**What you will do:** Images in the entries are to be skipped, and everything else is to be written out exactly.

**Records provided:**
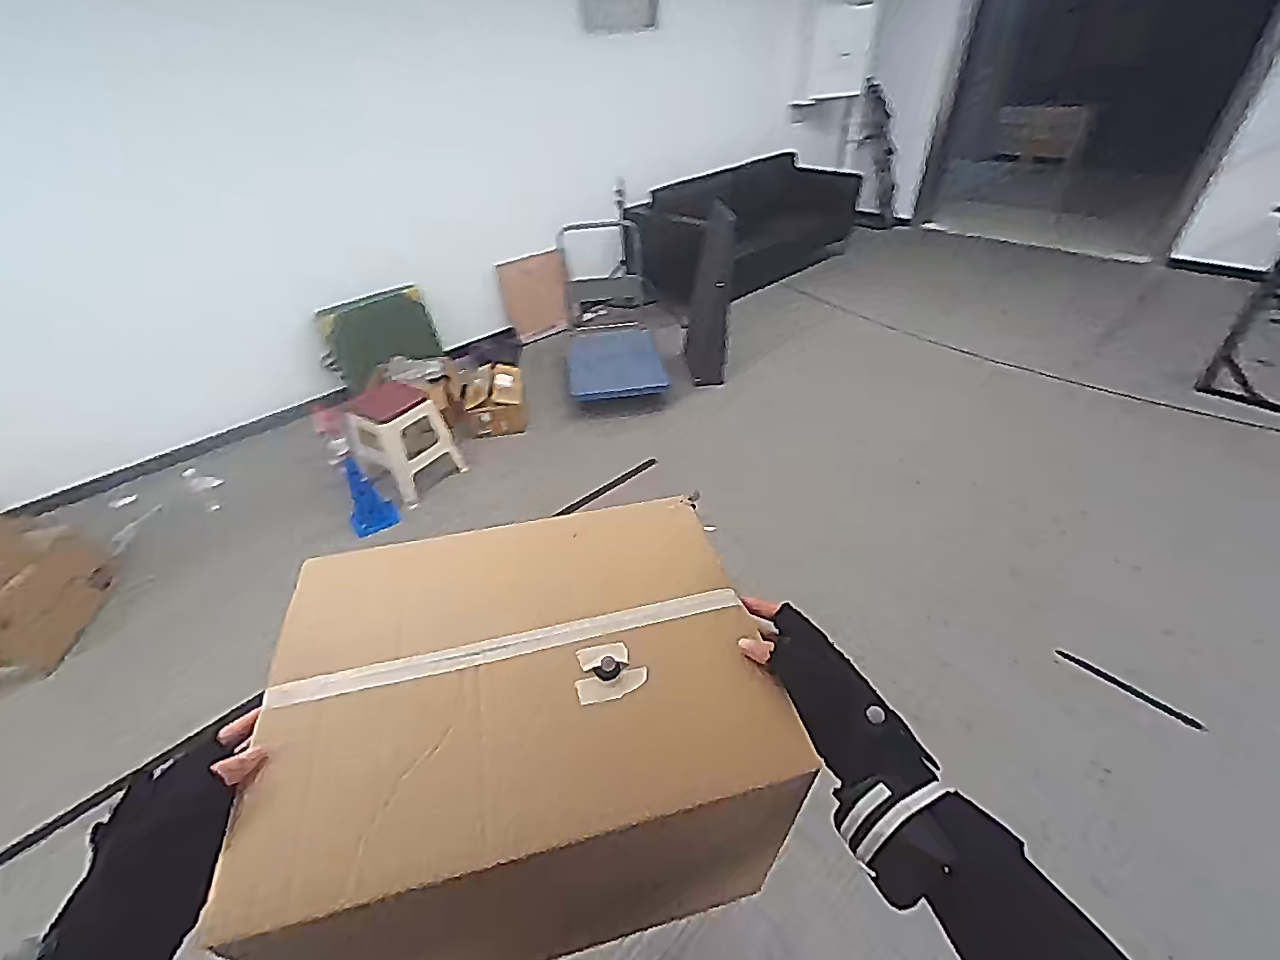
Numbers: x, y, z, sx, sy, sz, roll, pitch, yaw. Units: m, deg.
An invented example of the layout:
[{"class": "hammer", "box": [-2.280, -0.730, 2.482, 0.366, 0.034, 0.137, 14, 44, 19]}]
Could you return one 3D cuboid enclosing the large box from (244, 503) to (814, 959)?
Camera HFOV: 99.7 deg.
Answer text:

**Answer section:**
Numbers: x, y, z, sx, sy, sz, roll, pitch, yaw. Units: m, deg.
An invented example of the layout:
[{"class": "hammer", "box": [-2.280, -0.730, 2.482, 0.366, 0.034, 0.137, 14, 44, 19]}]
Could you return one 3D cuboid enclosing the large box from (244, 503) to (814, 959)?
Camera HFOV: 99.7 deg.
Answer text:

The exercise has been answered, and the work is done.